Anti-Anxiety Medications Are Not Effective

It is hard to say what specifically works best because so many people have different triggers, but I do know that anti-anxiety medications are not effective. In the past, my doctor prescribed me Klonopin, which was the wrong choice. It’s one of these benzodiazepine drugs like Xanax and Valium. These drugs make you feel better in the moment but they don’t actually help with anxiety at all because they just make you less likely to have anxiety symptoms or panic attacks in a specific time frame. You might as well be popping Tylenol for a headache! If you’re looking for something that will actually help with your anxiety, try therapy, meditation or taking up yoga.

The Link Between Lung Health and Mental Health

Some people might think that there’s no connection between the lungs and our mental health, but that couldn’t be further from the truth. In fact, many scientists believe that chronic asthma may actually be causing depression by decreasing oxygen levels in the brain. One study even found that people who had chronic asthma were three times more likely to develop depression than those without asthma. This is because when you have an attack, your airways are often constricted, which can lead to inflammation of the cells in your lungs as well as decreased oxygen levels in your bloodstream.

Breathing Exercises May Help

Breathing exercises can be a helpful tool in the treatment of anxiety. The idea behind breathing exercises is to focus on breathing slowly and deeply, which in turn reduces the level of stress hormones circulating in your body. There are many different types of breathing exercises that you can try, but one example is called Alternate Nostril Breathing. With this exercise, you will sit comfortably with your spine erect. Now close off your right nostril with your thumb (keep it closed), exhale through the left nostril, and then inhale again while closing off the left nostril with your index finger. You can repeat this process as many times as you want until you feel relief from anxiety or stress symptoms.

Alternative Treatment Options

When anxiety spirals out of control, it can take its toll on the body. Many people turn to pharmaceuticals such as Xanax, Valium, Ativan or Klonopin in order to bring their mental state back into balance. These medications are often effective at relieving physical symptoms such as shaking or dizziness, but they do nothing to address the underlying issue of anxiety. There are a variety of alternative treatment options that may be worth considering if you’re looking for an alternative to prescription drugs.

Early Detection Can Prevent Late Tragedy

All of us, at one time or another, have felt anxious about something. It may be a big event like graduating from college or getting married or it may be something small like going to the dentist. Whatever the situation, when you feel anxious your body reacts with certain physical symptoms such as increased heart rate, shortness of breath, and sweating.
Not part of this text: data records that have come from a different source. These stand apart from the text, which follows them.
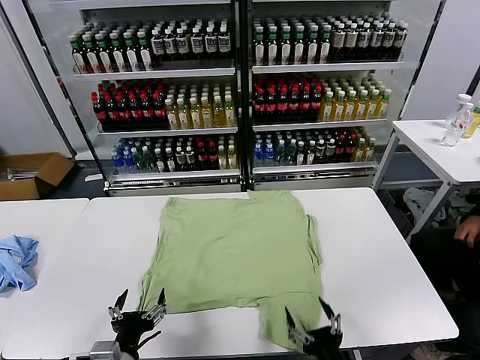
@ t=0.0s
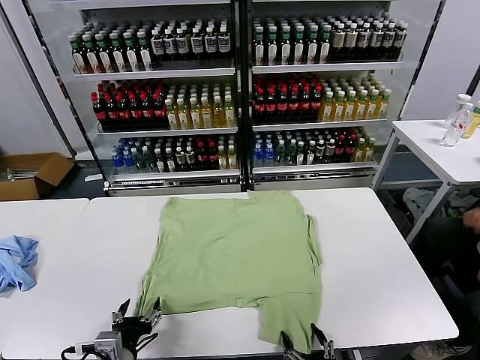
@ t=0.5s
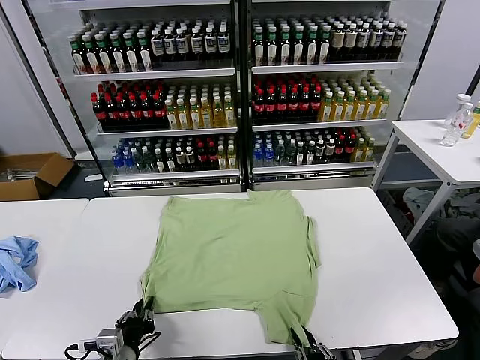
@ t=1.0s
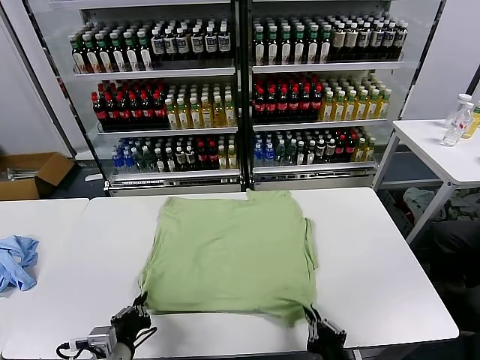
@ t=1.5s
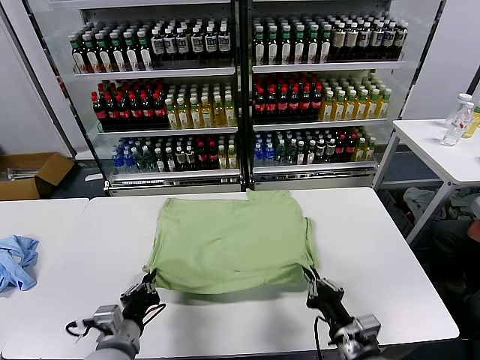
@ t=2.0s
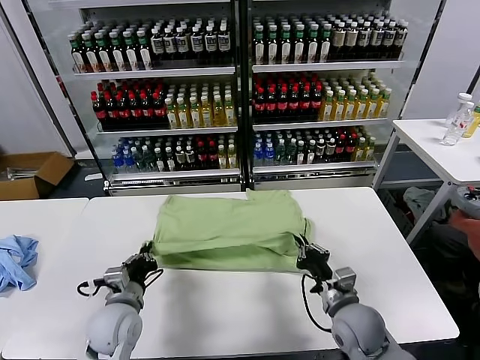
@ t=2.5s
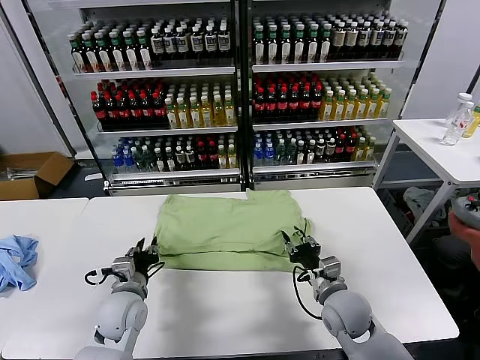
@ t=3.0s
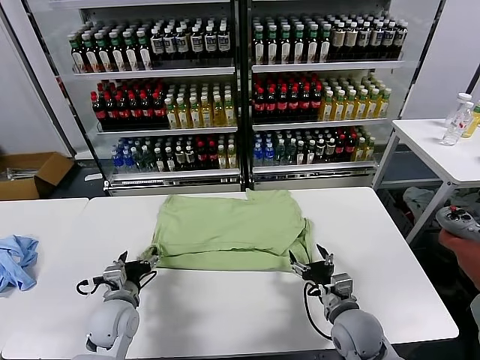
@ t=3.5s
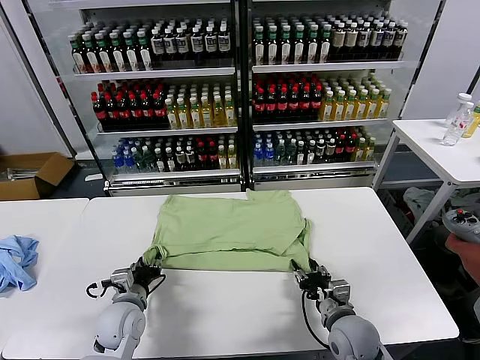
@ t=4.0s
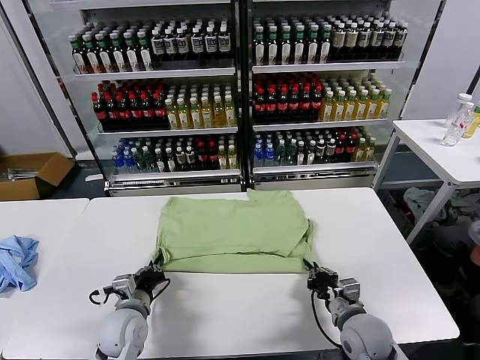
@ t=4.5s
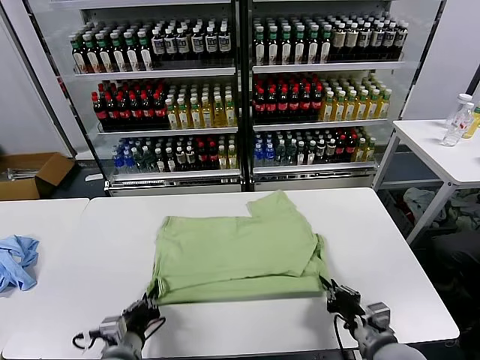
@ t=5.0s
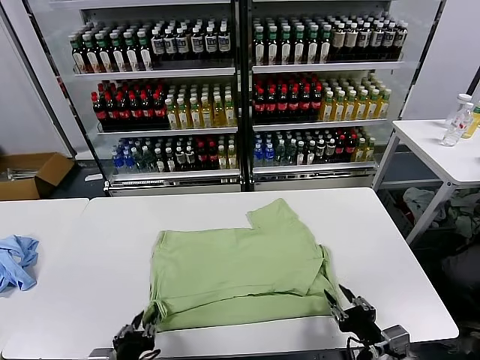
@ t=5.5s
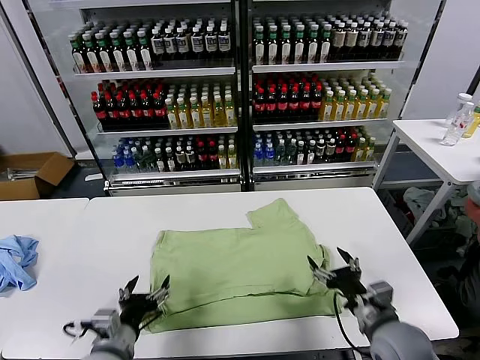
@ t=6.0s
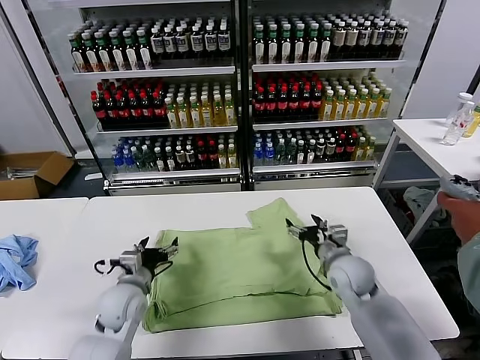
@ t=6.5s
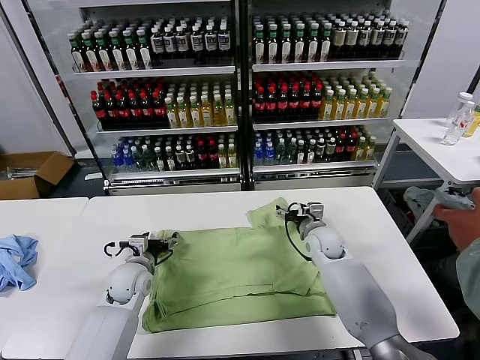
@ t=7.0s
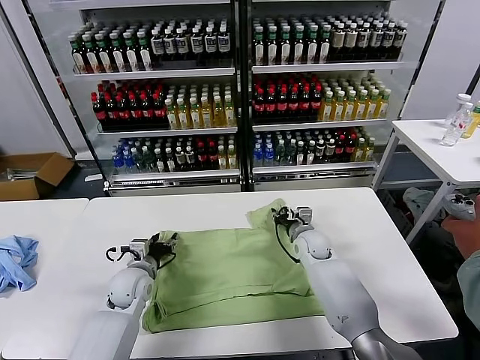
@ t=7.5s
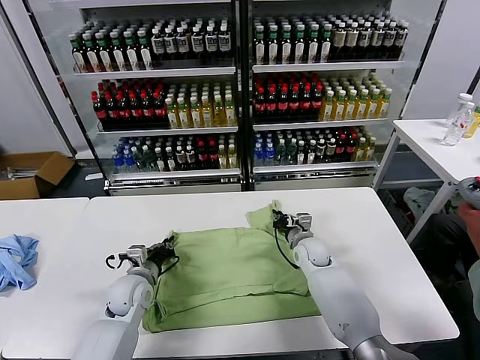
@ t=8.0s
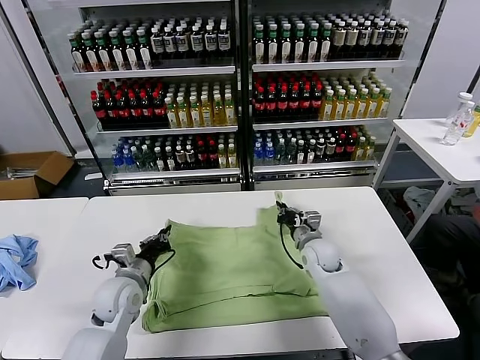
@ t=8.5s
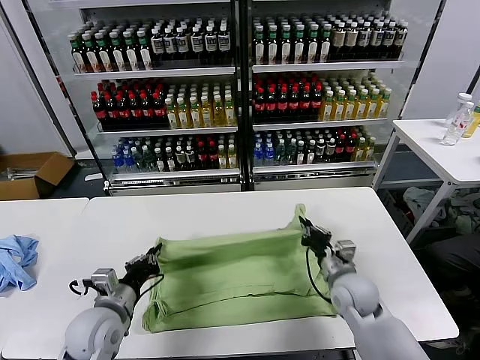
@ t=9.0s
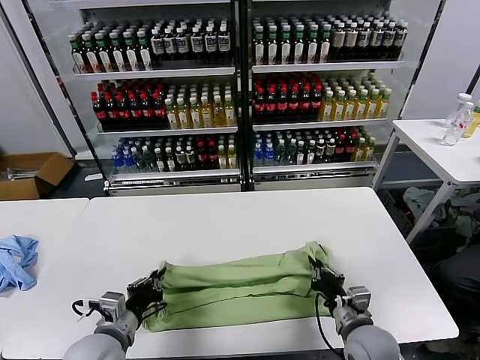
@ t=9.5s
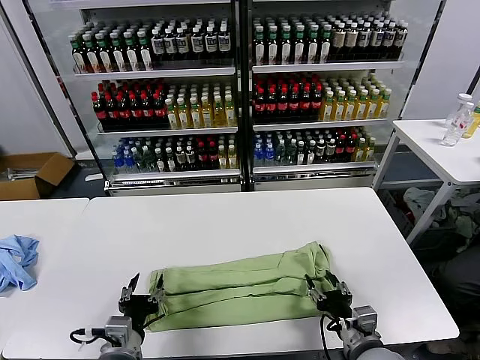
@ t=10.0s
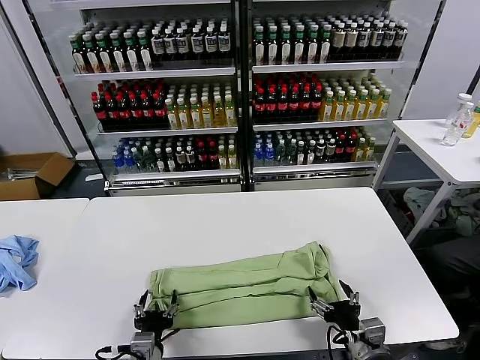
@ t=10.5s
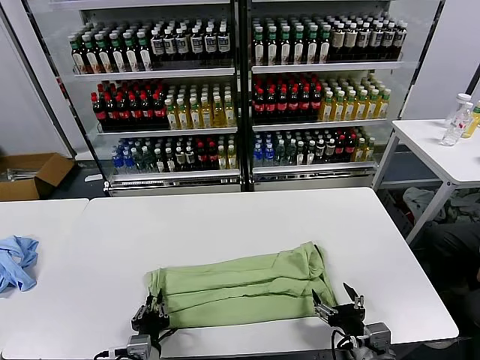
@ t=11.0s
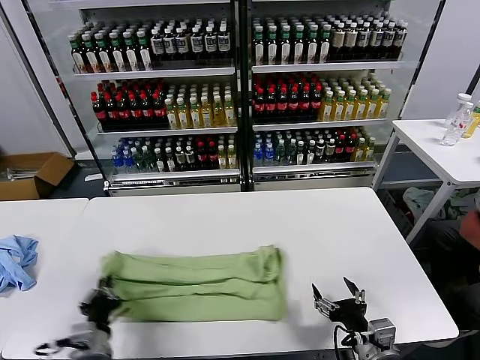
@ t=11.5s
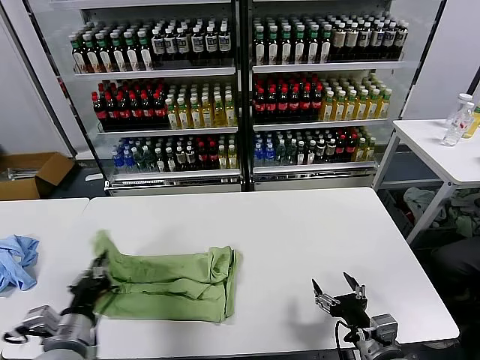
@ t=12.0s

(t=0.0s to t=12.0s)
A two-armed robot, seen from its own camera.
Task of the whole recording: fold and organize the clothes.
Step, t=0.0s - t=1.0s: use both grippers simultaneously to clamp the lower edge of the clothing fabric.
Step, t=1.5s - t=3.0s: use both grippers to drag the lower edge of the fabric forward and fold it over the upper edge.
Step, t=3.5s - t=5.5s: Drag the clothes downward with both gripper.
Step, t=6.0s - t=8.0s: use both grippers simultaneously to clamp the upper edge of the clothing fabric.
Step, t=8.5s - t=9.5s: use both grippers to drag the upper edge of the fabric backward and fold it over the lower edge.
Step, t=10.0s - t=10.5s: use the left gripper to clamp the left edge of the fabric.
t=2.0s - t=4.0s: The left gripper is displaced forward and downward by roughly 10 cm, and opens up; the right gripper travels forward by about 5 cm, and opens.
t=4.0s - t=6.0s: The right gripper travels upward by roughly 5 cm, reaches roughly 10 cm backward, then returns, and opens its fingers, while the left gripper shifts approximately 10 cm backward and upward, and opens up.
t=6.0s - t=8.0s: The two grippers go approximately 20 cm forward. The right gripper closes. Meanwhile the left gripper closes up.
t=8.0s - t=10.0s: The left gripper travels backward by roughly 20 cm, and opens. Meanwhile the right gripper is displaced backward by about 30 cm, and opens its fingers.
t=10.0s - t=12.0s: The left gripper travels to the left by roughly 10 cm, and closes.

When these reactions are out of the ordinary they can be a sign that you have an anxiety disorder.

Allergies Affect Mental Health

Anxiety disorders are the most common mental illness in the United States, with 18% of adults experiencing an anxiety disorder at some point in their lives. In fact, anxiety disorders affect 40 million adults in this country alone. That’s more people than diabetes, heart disease, and cancer combined! Many people experience anxiety as a result of chronic allergies. Allergies can cause a person to feel irritable, tired, restless or unable to sleep. Allergies may also cause panic attacks when they occur at the same time as an allergic reaction.